Rijkswaterstaat is stimulating the market for using drones in the inspection of civil engineering structures. Arie van Kersen is one of the driving forces of the drone programme.  Guidelines - one set for civil engineering structures and another for underwater - are currently in development.  With the help of these guidelines, an informed decision can be made on whether or not to use drones for an inspection.

Maasvlakte, Port of Rotterdam

On behalf of Witteveen+Bos, DroneQuest carried out inspections at the Maasvlakte, an industrial area located in the Port of Rotterdam. As part of this, the pavement, asphalt and concrete surfaces at one of the container terminals were tested for rut formation, with the asphalt and concrete also being tested for cracks. Using a very high-resolution camera (100 megapixels), photos which overlap by 80 % were taken from various angles.
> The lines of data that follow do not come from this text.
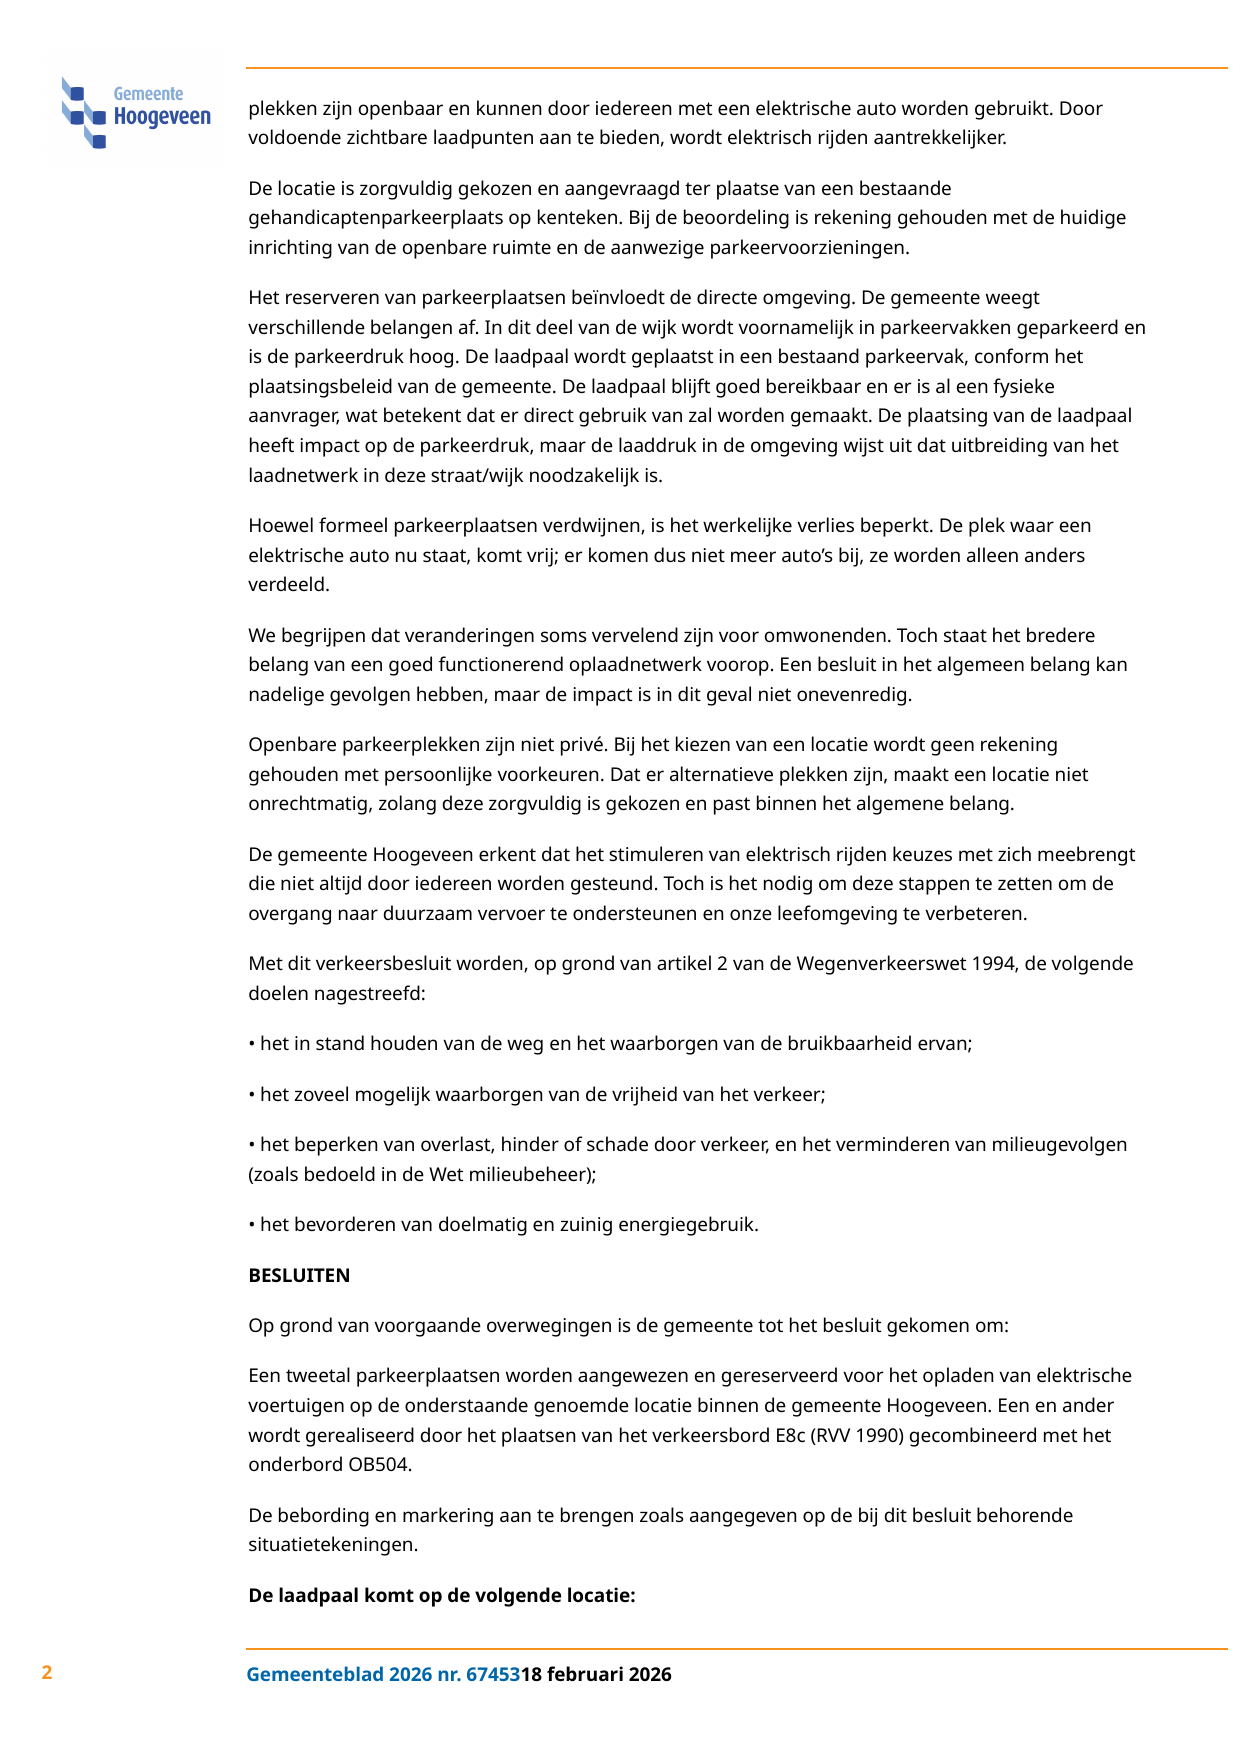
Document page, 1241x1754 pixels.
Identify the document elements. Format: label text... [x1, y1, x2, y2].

text Op grond van voorgaande overwegingen is de gemeente tot het besluit gekomen om: [248, 1312, 1152, 1338]
text plekken zijn openbaar en kunnen door iedereen met een elektrische auto worden gebruikt. Door voldoende zichtbare laadpunten aan te bieden, wordt elektrisch rijden aantrekkelijker. [248, 95, 1152, 150]
text De bebording en markering aan te brengen zoals aangegeven op de bij dit besluit behorende situatietekeningen. [248, 1502, 1152, 1557]
text BESLUITEN [248, 1262, 1152, 1288]
text • het bevorderen van doelmatig en zuinig energiegebruik. [248, 1211, 1152, 1237]
text Het reserveren van parkeerplaatsen beïnvloedt de directe omgeving. De gemeente weegt verschillende belangen af. In dit deel van de wijk wordt voornamelijk in parkeervakken geparkeerd en is de parkeerdruk hoog. De laadpaal wordt geplaatst in een bestaand parkeervak, conform het plaatsingsbeleid van de gemeente. De laadpaal blijft goed bereikbaar en er is al een fysieke aanvrager, wat betekent dat er direct gebruik van zal worden gemaakt. De plaatsing van de laadpaal heeft impact op de parkeerdruk, maar de laaddruk in de omgeving wijst uit dat uitbreiding van het laadnetwerk in deze straat/wijk noodzakelijk is. [248, 284, 1152, 488]
text Een tweetal parkeerplaatsen worden aangewezen en gereserveerd voor het opladen van elektrische voertuigen op de onderstaande genoemde locatie binnen de gemeente Hoogeveen. Een en ander wordt gerealiseerd door het plaatsen van het verkeersbord E8c (RVV 1990) gecombineerd met het onderbord OB504. [248, 1363, 1152, 1477]
text • het in stand houden van de weg en het waarborgen van de bruikbaarheid ervan; [248, 1031, 1152, 1056]
text We begrijpen dat veranderingen soms vervelend zijn voor omwonenden. Toch staat het bredere belang van een goed functionerend oplaadnetwerk voorop. Een besluit in het algemeen belang kan nadelige gevolgen hebben, maar de impact is in dit geval niet onevenredig. [248, 622, 1152, 707]
text De gemeente Hoogeveen erkent dat het stimuleren van elektrisch rijden keuzes met zich meebrengt die niet altijd door iedereen worden gesteund. Toch is het nodig om deze stappen te zetten om de overgang naar duurzaam vervoer te ondersteunen en onze leefomgeving te verbeteren. [248, 841, 1152, 926]
text De locatie is zorgvuldig gekozen en aangevraagd ter plaatse van een bestaande gehandicaptenparkeerplaats op kenteken. Bij de beoordeling is rekening gehouden met de huidige inrichting van de openbare ruimte en de aanwezige parkeervoorzieningen. [248, 175, 1152, 260]
text Met dit verkeersbesluit worden, op grond van artikel 2 van de Wegenverkeerswet 1994, de volgende doelen nagestreefd: [248, 951, 1152, 1006]
text • het beperken van overlast, hinder of schade door verkeer, en het verminderen van milieugevolgen (zoals bedoeld in de Wet milieubeheer); [248, 1131, 1152, 1187]
text • het zoveel mogelijk waarborgen van de vrijheid van het verkeer; [248, 1081, 1152, 1107]
text De laadpaal komt op de volgende locatie: [248, 1582, 1152, 1608]
picture [41, 47, 231, 172]
text Hoewel formeel parkeerplaatsen verdwijnen, is het werkelijke verlies beperkt. De plek waar een elektrische auto nu staat, komt vrij; er komen dus niet meer auto’s bij, ze worden alleen anders verdeeld. [248, 512, 1152, 597]
text Openbare parkeerplekken zijn niet privé. Bij het kiezen van een locatie wordt geen rekening gehouden met persoonlijke voorkeuren. Dat er alternatieve plekken zijn, maakt een locatie niet onrechtmatig, zolang deze zorgvuldig is gekozen en past binnen het algemene belang. [248, 731, 1152, 816]

This allowed a 3D model to be created which reveals rut formation from as little as 3 mm in gradation. During the first inspections, the drone flew at an altitude of 15 and 30 metres. Using an algorithm, the computer model can recognise and highlight the presence of cracks. Zooming in allows the size of a crack to be assessed, after which a decision can be made regarding the measures that need to be taken.

Wharf surface

The next assignment for DroneQuest is to inspect the asphalt surface of the wharf. To achieve this, a drone will fly above the wharf’s cranes, at an altitude of 120 metres, making use of a 300 mm lens. By flying at this altitude, the operations on the ground won’t be disrupted and an optimal picture of the surface underneath the cranes can be obtained. About 30,000 photos will be taken for this purpose. Witteveen+Bos is aiming to have the data generated by this automatically processed, so that it can be used to determine appropriate maintenance measures. In the meantime, a pilot has also started inspecting the wharf’s cranes themselves and is using an algorithm to investigate for cracks and rust.